Of the Three modes on PS5 and the same on PS5 Pro just enhanced with a 4th exclusive mode. The Quality runs the highest, with an native 4K/30fps output on the premium console, and almost so on the base. With a counted 1800p low found in some brief moments. Performance mode offers identical settings, just at a dynamic 2560x1440p at 60fps. Seemingly scaling down to 1920×1080 with the same TAA pass to clean up the image frame to frame and moment to moment. Due to many engines tying effects quality to output or rendering resolution, level of detail and distant LoD is lower than quality and other Ray Tracing modes but the boost to input latency and performance is much bigger and worth that small hit.
Finally, Ray Tracing offers the same 30fps rate of quality but improves light and shadow using the RT hardware and offers an approx 44% resolution hike over performance at an approximate 3200×1800, again scaling or reconstructing from or down to a counter low of approx 1620p. The increases to image fidelity and lighting are not transformative, but do help in some cases and as the real-time cinematics seem to use this mode it can enhance model and material quality.
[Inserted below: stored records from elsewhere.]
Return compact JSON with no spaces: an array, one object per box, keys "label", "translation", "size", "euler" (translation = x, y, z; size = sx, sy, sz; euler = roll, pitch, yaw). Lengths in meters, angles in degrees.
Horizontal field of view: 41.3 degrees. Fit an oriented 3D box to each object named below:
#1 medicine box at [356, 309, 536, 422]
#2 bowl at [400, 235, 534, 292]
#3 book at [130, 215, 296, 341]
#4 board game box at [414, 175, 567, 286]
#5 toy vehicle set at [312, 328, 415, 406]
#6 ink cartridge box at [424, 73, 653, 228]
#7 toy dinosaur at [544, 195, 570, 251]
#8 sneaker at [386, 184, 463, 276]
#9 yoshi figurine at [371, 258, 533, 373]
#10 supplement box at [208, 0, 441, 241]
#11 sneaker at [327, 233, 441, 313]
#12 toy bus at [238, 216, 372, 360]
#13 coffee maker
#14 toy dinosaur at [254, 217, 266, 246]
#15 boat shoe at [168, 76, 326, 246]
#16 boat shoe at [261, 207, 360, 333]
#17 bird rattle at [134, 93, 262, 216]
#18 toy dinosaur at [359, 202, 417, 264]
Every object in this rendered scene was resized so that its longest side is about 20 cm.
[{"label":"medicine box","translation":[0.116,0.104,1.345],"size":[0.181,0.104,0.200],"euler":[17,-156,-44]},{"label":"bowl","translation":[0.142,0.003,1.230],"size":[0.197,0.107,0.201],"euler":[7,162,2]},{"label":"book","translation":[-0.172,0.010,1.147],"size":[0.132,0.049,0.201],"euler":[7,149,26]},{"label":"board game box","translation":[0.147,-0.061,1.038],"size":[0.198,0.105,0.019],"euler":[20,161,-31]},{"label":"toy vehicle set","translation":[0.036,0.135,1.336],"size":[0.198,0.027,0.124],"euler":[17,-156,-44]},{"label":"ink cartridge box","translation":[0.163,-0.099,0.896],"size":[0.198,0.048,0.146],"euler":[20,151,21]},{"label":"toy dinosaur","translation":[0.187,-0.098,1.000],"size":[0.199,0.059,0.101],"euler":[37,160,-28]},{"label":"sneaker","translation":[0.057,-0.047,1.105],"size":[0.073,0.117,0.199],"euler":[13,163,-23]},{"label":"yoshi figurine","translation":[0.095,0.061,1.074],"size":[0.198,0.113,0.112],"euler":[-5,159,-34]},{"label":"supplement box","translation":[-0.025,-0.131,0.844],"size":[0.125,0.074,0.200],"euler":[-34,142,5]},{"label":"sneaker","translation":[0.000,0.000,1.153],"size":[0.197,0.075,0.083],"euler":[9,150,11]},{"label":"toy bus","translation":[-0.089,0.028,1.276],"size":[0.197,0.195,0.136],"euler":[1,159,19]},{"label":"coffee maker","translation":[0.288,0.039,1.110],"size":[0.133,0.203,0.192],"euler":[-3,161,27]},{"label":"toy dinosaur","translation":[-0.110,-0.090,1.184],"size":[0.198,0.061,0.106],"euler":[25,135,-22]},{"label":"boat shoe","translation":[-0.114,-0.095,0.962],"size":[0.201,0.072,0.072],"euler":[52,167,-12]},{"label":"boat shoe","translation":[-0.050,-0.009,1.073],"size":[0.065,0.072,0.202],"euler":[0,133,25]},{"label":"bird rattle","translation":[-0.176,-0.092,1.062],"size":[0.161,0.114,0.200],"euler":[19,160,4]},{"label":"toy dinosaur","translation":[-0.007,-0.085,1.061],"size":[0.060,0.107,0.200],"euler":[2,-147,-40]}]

Of note, some sections, such as riding or mini dialogue sequences use a letterboxed 21:9 ratio which renders at 3840×2160 or 3840×1640 in this mode which is a minor boost but still 24% lower than native 4k. In play though, even zoomed in, the Quality mode is only marginally sharper and thus is a minor cutback for the Ray Traced enhancements which can be of benefit in certain scenarios.
The PS5 Pro offers the same three core modes just allowing them to scale higher or less but with the same frame rate limits, aside the Ray Tracing Pro mode. The new mode offers the Pro Promise, base PS5 quality and performance combined. In this case the same Ray Tracing quality and approx 4K output at 60fps rather than 30fps, double the performance and increased resolution. The secret is this mode now uses PlayStation Spectral Super Resolution(PSSR), and this managed to achieve a close to or better image quality than the 1800p RT mode on the base PS5, even though it comes from a lower base, circa 2240×1260/1920x1080p. Some issues on textures and flicker on sub-pixel areas does occur, but image quality is largely sharper and more stable than the base PS5’s performance mode at the same refresh rate and higher image quality. Performance mode on the Pro runs at the same 1800p of the RT mode, scaling down to approx 1620p levels. Which offers an approx 56% increase on resolution for the same framerate. Even on Pro though, all modes cap the realtime cutscenes to 30fps which ensures the highest fidelity but does feel like a missed option for the Professional players.